**Work required**
Two lines in the listing below mark the span: one contains "Item 7: Consider" and one contains "Work out the". Reproduce both of them and everything between, exactly.

▶

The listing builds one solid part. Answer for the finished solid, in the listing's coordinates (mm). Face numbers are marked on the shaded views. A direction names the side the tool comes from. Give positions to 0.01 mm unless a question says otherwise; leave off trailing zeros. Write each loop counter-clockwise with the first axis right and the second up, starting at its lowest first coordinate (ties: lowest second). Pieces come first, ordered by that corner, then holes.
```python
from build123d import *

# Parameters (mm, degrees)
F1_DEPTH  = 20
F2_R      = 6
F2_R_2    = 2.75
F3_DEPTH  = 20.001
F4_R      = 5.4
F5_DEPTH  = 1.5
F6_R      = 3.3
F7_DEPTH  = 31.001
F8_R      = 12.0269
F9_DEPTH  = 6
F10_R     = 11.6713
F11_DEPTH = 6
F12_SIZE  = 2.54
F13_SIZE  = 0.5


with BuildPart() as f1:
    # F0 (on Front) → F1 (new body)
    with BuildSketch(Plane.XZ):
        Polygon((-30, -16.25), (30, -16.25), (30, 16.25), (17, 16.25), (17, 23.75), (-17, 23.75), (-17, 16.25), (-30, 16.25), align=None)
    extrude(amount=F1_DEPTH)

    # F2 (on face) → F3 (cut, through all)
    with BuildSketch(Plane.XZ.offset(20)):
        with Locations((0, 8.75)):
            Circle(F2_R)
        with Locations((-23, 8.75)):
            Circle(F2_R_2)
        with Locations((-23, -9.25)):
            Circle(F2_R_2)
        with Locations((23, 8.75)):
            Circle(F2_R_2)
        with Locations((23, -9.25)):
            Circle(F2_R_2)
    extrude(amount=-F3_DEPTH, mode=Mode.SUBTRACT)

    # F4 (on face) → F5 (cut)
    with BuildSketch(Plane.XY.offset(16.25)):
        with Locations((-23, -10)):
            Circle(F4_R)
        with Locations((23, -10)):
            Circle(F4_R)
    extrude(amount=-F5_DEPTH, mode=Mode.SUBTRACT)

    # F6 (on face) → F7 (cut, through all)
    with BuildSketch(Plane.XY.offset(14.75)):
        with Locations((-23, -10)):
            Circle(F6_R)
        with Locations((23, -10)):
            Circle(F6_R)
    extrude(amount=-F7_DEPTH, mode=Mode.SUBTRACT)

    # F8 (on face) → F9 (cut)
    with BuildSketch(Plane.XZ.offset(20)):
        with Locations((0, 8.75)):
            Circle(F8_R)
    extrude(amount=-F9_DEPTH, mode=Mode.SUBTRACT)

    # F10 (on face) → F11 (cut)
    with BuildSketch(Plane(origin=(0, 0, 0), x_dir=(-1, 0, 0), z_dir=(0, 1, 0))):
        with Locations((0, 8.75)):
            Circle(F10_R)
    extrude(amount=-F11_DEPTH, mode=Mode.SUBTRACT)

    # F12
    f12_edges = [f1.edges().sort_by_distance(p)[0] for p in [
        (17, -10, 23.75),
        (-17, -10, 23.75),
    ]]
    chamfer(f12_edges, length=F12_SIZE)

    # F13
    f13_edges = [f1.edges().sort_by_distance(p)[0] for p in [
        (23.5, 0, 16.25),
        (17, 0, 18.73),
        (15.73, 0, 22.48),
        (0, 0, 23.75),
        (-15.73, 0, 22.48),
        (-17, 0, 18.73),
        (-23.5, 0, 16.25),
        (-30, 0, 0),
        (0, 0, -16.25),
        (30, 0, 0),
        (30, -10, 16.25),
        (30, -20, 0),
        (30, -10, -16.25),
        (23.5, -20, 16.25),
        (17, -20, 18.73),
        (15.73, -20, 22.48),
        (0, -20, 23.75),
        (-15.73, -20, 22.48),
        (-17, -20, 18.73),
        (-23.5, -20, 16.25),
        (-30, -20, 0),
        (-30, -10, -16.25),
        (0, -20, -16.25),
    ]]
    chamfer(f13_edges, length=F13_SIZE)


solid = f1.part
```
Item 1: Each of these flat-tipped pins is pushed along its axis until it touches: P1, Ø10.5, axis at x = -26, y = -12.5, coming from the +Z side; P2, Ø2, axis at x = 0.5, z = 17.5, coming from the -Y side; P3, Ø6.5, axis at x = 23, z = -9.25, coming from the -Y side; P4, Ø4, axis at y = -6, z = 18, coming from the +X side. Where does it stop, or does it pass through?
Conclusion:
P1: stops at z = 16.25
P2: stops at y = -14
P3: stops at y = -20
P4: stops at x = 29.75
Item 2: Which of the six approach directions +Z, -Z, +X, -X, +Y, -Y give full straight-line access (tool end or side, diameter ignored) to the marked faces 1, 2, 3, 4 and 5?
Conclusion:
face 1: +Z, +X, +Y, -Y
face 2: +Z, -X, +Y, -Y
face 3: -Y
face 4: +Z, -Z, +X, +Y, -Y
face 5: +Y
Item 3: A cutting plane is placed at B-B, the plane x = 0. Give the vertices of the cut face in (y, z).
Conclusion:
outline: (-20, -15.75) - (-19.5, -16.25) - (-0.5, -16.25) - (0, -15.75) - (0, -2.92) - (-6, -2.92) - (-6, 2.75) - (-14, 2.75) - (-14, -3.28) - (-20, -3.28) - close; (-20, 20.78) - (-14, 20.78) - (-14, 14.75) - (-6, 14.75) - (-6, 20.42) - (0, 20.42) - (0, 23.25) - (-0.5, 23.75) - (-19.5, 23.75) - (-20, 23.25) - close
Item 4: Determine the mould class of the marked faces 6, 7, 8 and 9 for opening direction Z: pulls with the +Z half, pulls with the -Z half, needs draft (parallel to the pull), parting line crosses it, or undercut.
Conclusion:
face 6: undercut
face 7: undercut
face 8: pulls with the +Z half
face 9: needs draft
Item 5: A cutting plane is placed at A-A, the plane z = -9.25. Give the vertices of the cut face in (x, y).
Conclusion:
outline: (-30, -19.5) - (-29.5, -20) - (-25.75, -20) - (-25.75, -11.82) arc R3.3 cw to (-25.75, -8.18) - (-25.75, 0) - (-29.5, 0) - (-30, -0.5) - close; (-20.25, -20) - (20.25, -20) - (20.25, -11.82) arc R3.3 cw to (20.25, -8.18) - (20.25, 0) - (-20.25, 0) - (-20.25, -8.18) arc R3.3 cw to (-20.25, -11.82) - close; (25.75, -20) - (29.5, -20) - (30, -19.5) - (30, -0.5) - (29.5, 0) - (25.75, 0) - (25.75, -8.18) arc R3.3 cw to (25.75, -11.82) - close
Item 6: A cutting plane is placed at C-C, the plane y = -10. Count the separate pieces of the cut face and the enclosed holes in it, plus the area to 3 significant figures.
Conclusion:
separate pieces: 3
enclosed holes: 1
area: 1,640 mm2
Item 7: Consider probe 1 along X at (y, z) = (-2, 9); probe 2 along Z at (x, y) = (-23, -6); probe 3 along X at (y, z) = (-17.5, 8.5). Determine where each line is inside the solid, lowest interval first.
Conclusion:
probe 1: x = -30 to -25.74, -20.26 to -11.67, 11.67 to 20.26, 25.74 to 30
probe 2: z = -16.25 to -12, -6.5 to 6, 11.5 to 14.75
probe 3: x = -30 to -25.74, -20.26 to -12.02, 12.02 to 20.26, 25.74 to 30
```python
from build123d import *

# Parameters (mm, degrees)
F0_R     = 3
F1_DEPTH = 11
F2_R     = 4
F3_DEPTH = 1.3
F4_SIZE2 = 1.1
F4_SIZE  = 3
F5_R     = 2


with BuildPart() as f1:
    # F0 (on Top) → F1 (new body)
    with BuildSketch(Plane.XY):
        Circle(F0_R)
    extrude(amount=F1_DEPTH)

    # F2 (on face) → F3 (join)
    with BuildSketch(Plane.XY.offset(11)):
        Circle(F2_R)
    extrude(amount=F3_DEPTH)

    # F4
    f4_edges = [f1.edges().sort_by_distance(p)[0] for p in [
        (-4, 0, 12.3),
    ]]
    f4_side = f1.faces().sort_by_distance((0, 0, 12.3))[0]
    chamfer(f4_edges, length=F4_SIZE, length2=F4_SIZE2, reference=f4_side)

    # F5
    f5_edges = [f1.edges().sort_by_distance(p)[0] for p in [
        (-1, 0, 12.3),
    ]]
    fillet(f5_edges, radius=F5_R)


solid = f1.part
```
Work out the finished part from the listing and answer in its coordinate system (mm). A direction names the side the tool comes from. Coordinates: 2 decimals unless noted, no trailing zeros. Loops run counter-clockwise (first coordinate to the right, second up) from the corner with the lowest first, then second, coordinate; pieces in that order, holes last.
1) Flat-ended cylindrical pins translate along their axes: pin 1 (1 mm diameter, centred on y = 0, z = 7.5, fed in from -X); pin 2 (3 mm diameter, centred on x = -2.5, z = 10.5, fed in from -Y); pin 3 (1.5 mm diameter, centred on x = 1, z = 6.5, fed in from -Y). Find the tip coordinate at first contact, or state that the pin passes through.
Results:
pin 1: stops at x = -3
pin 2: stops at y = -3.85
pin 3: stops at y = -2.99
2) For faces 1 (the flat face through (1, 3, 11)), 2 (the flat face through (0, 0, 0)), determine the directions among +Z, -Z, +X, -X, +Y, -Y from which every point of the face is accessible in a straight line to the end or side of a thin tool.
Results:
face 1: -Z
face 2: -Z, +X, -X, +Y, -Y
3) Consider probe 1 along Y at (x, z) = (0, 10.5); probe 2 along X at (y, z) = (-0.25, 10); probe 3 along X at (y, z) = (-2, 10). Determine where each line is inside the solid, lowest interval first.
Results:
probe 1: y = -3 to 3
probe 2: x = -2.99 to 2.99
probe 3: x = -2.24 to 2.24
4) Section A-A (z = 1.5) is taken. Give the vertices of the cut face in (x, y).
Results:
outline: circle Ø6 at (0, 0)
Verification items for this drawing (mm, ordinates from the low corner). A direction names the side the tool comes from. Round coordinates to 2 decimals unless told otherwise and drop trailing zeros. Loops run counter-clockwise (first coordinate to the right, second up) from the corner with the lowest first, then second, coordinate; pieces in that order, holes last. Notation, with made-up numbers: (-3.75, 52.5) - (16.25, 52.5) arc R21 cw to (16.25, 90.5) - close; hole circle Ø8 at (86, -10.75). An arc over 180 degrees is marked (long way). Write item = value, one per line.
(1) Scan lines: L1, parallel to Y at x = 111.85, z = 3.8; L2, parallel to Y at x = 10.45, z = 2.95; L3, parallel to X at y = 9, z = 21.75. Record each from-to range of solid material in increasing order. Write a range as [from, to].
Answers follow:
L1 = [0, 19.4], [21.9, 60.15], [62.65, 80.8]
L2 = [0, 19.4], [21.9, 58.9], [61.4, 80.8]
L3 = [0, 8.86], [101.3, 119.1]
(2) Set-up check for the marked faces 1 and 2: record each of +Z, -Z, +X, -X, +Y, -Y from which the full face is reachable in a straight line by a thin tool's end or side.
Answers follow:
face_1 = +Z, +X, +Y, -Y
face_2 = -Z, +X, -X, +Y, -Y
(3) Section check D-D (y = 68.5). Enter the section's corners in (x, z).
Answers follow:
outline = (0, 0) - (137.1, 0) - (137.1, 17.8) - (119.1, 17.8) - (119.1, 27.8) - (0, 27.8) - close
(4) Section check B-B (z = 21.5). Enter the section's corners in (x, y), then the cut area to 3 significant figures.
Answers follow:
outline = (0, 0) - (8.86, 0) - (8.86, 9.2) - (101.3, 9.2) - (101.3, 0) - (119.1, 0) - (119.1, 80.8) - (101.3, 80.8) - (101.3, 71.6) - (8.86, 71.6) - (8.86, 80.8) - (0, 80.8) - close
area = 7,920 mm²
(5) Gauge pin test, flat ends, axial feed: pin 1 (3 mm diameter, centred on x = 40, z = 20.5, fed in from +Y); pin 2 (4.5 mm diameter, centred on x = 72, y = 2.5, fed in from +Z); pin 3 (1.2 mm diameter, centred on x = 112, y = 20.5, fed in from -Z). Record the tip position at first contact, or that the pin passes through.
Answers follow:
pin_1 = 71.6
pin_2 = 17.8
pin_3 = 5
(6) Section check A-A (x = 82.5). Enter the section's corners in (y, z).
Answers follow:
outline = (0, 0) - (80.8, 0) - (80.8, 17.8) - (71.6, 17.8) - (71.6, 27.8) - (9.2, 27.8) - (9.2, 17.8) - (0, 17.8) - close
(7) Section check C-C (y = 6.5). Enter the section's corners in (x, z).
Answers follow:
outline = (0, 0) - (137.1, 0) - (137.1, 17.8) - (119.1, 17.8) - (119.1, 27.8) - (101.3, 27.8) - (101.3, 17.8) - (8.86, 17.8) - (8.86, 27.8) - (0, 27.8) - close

◀

**Output for this exercise**
Item 7: Consider probe 1 along X at (y, z) = (-2, 9); probe 2 along Z at (x, y) = (-23, -6); probe 3 along X at (y, z) = (-17.5, 8.5). Determine where each line is inside the solid, lowest interval first.
Conclusion:
probe 1: x = -30 to -25.74, -20.26 to -11.67, 11.67 to 20.26, 25.74 to 30
probe 2: z = -16.25 to -12, -6.5 to 6, 11.5 to 14.75
probe 3: x = -30 to -25.74, -20.26 to -12.02, 12.02 to 20.26, 25.74 to 30
```python
from build123d import *

# Parameters (mm, degrees)
F0_R     = 3
F1_DEPTH = 11
F2_R     = 4
F3_DEPTH = 1.3
F4_SIZE2 = 1.1
F4_SIZE  = 3
F5_R     = 2


with BuildPart() as f1:
    # F0 (on Top) → F1 (new body)
    with BuildSketch(Plane.XY):
        Circle(F0_R)
    extrude(amount=F1_DEPTH)

    # F2 (on face) → F3 (join)
    with BuildSketch(Plane.XY.offset(11)):
        Circle(F2_R)
    extrude(amount=F3_DEPTH)

    # F4
    f4_edges = [f1.edges().sort_by_distance(p)[0] for p in [
        (-4, 0, 12.3),
    ]]
    f4_side = f1.faces().sort_by_distance((0, 0, 12.3))[0]
    chamfer(f4_edges, length=F4_SIZE, length2=F4_SIZE2, reference=f4_side)

    # F5
    f5_edges = [f1.edges().sort_by_distance(p)[0] for p in [
        (-1, 0, 12.3),
    ]]
    fillet(f5_edges, radius=F5_R)


solid = f1.part
```
Work out the finished part from the listing and answer in its coordinate system (mm). A direction names the side the tool comes from. Coordinates: 2 decimals unless noted, no trailing zeros. Loops run counter-clockwise (first coordinate to the right, second up) from the corner with the lowest first, then second, coordinate; pieces in that order, holes last.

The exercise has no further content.